Je suis plutôt grand, 1m95, mais j'ai été frappé par leur taille, surtout quand elles sont perchées sur de haut talons! Les critères de sélection sont draconiens. Leurs corps doit respecter une proportion d’un tiers – deux tiers pour les longueurs respectives du buste et des jambes. La distance entre la pointe des deux seins doit être de 21cm et celle du nombril au pubis de 13cm.
Les ressemblances entre elles s’arrêtent là. Elles ont chacune leur personnalité, un look qui leur est propre et ce petit «je ne sais quoi» que le fondateur de la maison, Alain Bernardin, pensait déceler chez elles. Ce sont toutes des sportives accomplies, mais ça se remarque plus chez certaines, très musclées.
En coulisses, l'ambiance devient vite un peu fofolle.

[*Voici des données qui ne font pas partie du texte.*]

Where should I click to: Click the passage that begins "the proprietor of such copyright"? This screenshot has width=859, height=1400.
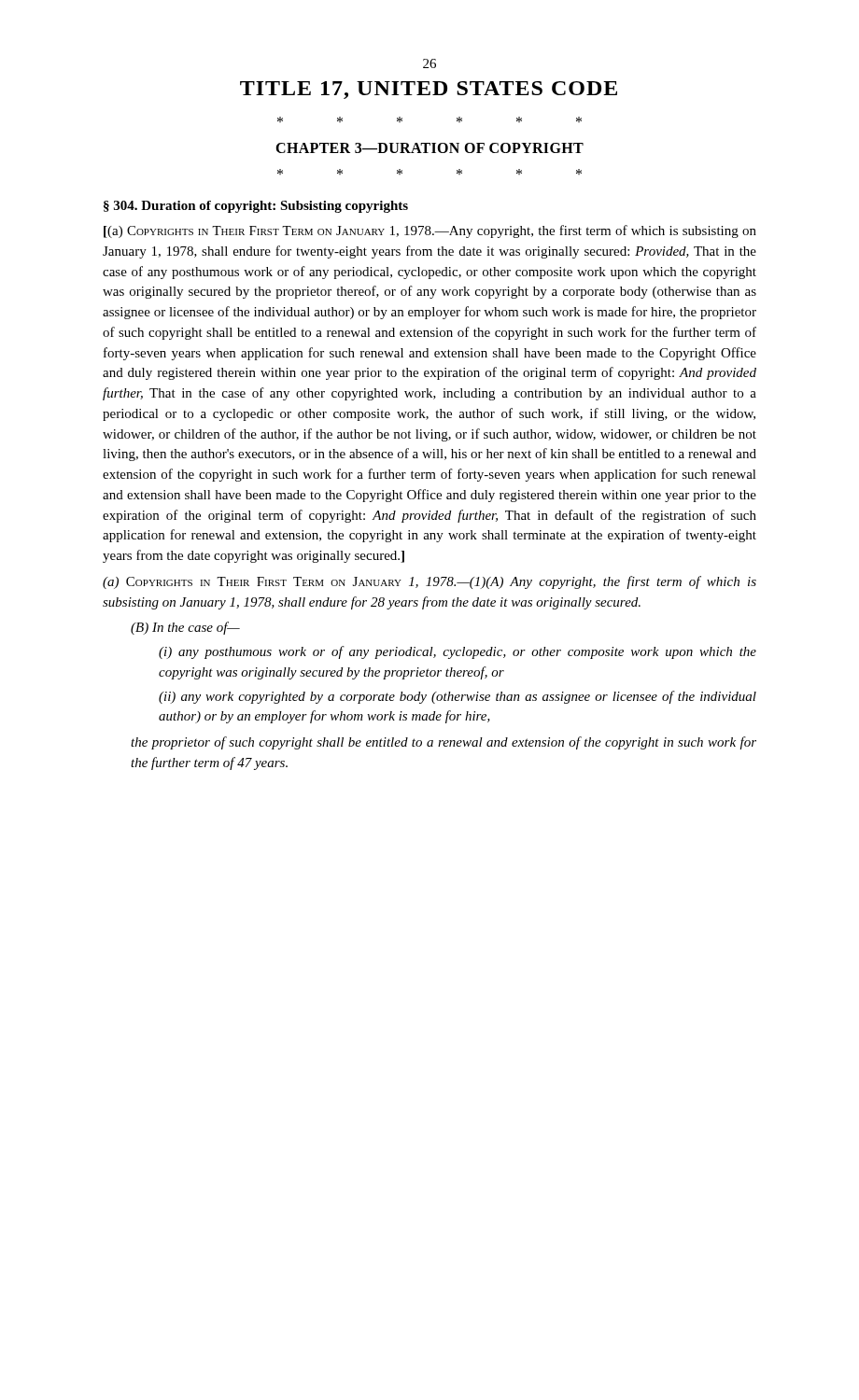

Elles redeviennent sérieuses pour la répétition, quand elles se mettent en cercle autour de la chorégraphe pour écouter ses consignes sur les numéros qu’elles vont travailler ce jour-là par petits groupes: un tableau entier, ou juste un petit passage, en tenue de sport.
Inlassablement elles vont répéter le mouvement jusqu’à satisfaction de la directrice de scène, Svetlana.
Elle est originaire de Russie, ce qui facilite la communication avec les filles originaires de l'Est de l'Europe.
Celles qui ne sont pas en train de répéter s'asseyent à la place des spectateurs.
Les plus aguerries prodiguent leurs conseils aux autres.
La discipline est assez rigoureuse. Avec un système de pointeuse hérité d’un incident remontant à l’époque du fondateur.
Deux danseuses étaient allées faire un tour en boîte de nuit sur les Champs-Elysées entre deux représentations. Elles n'ont pas vu l'heure passer et manquaient à l’appel au moment de monter sur scène.
Le bureau d’Alain Bernardin, où il concevait les numéros avec l'aide d'un chorégraphe et où il faisait passer les castings, n’a pas bougé depuis sa disparition il y a plus de vingt ans.
Une porte dérobée permet d'y accéder, ou d’en sortir, sans être vu...
Depuis que la famille du fondateur a vendu le mythique établissement de l'avenue Georges V, ce sont principalement des femmes qui font tourner la boutique. Elles perpétuent cette mise en scène de danseuses quasiment nues, habillées par des seuls jeux de lumière.